O que Lutero inculca com tanta plasticidade e tanto vigor, ele pratica pessoalmente. Por exemplo, no auge da sua primeira pregação pública:

Eu sou... um teólogo e tenho lido, em diversos perigos, a Sagrada Escritura e possuo alguma experiência. Mesmo assim não me sinto orgulhoso devido a este dom, de maneira que não orasse o Catecismo diariamente,... e o meditasse de todo o coração, não papagaiando as palavras, mas meditando sobre o que elas querem dizer. Pois a palavra nos foi dada por Deus para que — como diz Moisés — a inculquemos em nós e nela nos exercitemos. Sem este exercício diário os nossos corações pegam — falando em sentido figurativo — ferrugem, com o que nós nos eliminamos a nós mesmos; na metade da sua vida:

Eu. embora velho doutor da Sagrada Escritura, ... não compreendo ainda direito os Dez Mandamentos, o Credo e o Pai Nosso, eu não os posso estudar a fundo nem aprendê-los totalmente, assim aprendo o Catecismo dia após dia e o oro com o meu filho João e a minha filhinha Madalena;

cinco dias antes da sua morte, à esposa preocupadíssima com a saúde dele:

Aprendes assim o Catecismo e a fé?”

II

1. Lutero, homem do povo

Muitas vezes Martim Lutero foi despertado para o fazer teológico e nele levado adiante pelo povo. Oriundo do povo, tinha muita sensibilidade para com ele. Lutero não queria doutriná-lo, mas conscientizá-lo, deixando-lhe a liberdade de posicionar-se diante de sua pessoa e suas asserções. Ele caminhava com o povo e no seu meio, solidário, crítico e aprofundador corajoso. Não o fez por prazer ou vaidade, oportunismo ou moda, mas por obediência da fé e opção de militante cristão:

“Salomão diz em Provérbios 1 1.26: 'Ao que retém o trigo, o povo o amaldiçoa, mas bênção haverá sobre a cabeça do seu vendedor.' Este adágio deve ser entendido, aliás, em relação a tudo aquilo que pode servir ao comum proveito ou consolo do povo cristão. Por isso também o Senhor chamou no Evangelho o empregado infiel de bobo preguiçoso porque tinha... escondido o ... dinheiro (confiado)

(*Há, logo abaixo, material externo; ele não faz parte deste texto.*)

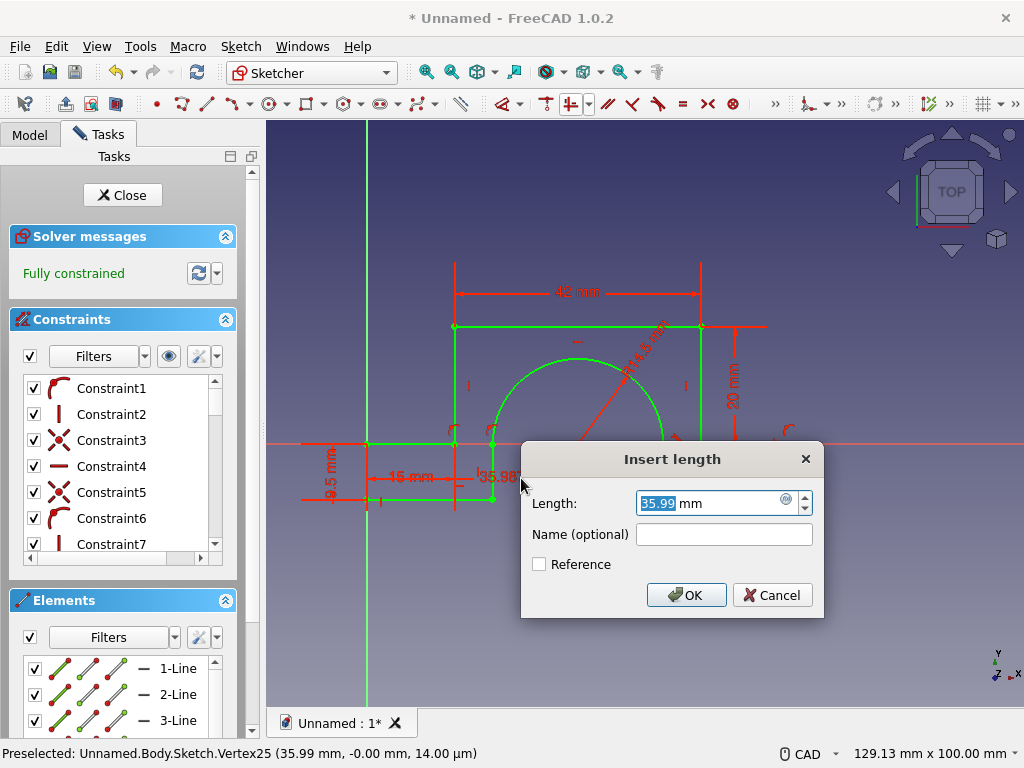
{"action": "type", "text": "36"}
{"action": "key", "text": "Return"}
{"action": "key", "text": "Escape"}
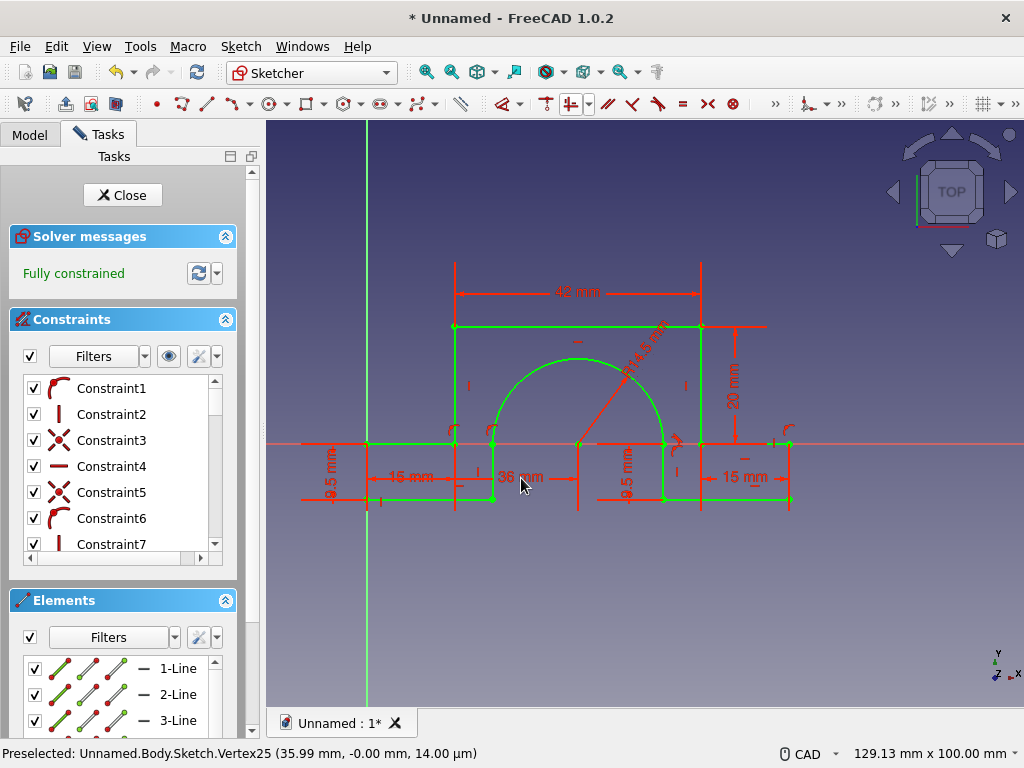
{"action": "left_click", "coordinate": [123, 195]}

Para “escapar da maldição de Deus e do povo Lutero está atento ao povo e a sua disposição, conversando e debatendo, pregando e publicando.

2. Lutero, teólogo do povo

Em nenhuma fase do seu fazer teológico, pois, abstraía do povo, por conseguinte foi concreto, prático e popular. De pronto percebia o que faltava para a salvação eterna e temporal do povo. Em dado momento Lutero sabia esclarecer, articular e comunicar o urgente e o necessário. Assim se tornou agente pastoral por excelência. Prova saliente disso é o Catecismo Menor. Não só por causa do seu conteúdo e método mas inclusive pela maneira como vinha sendo preparado.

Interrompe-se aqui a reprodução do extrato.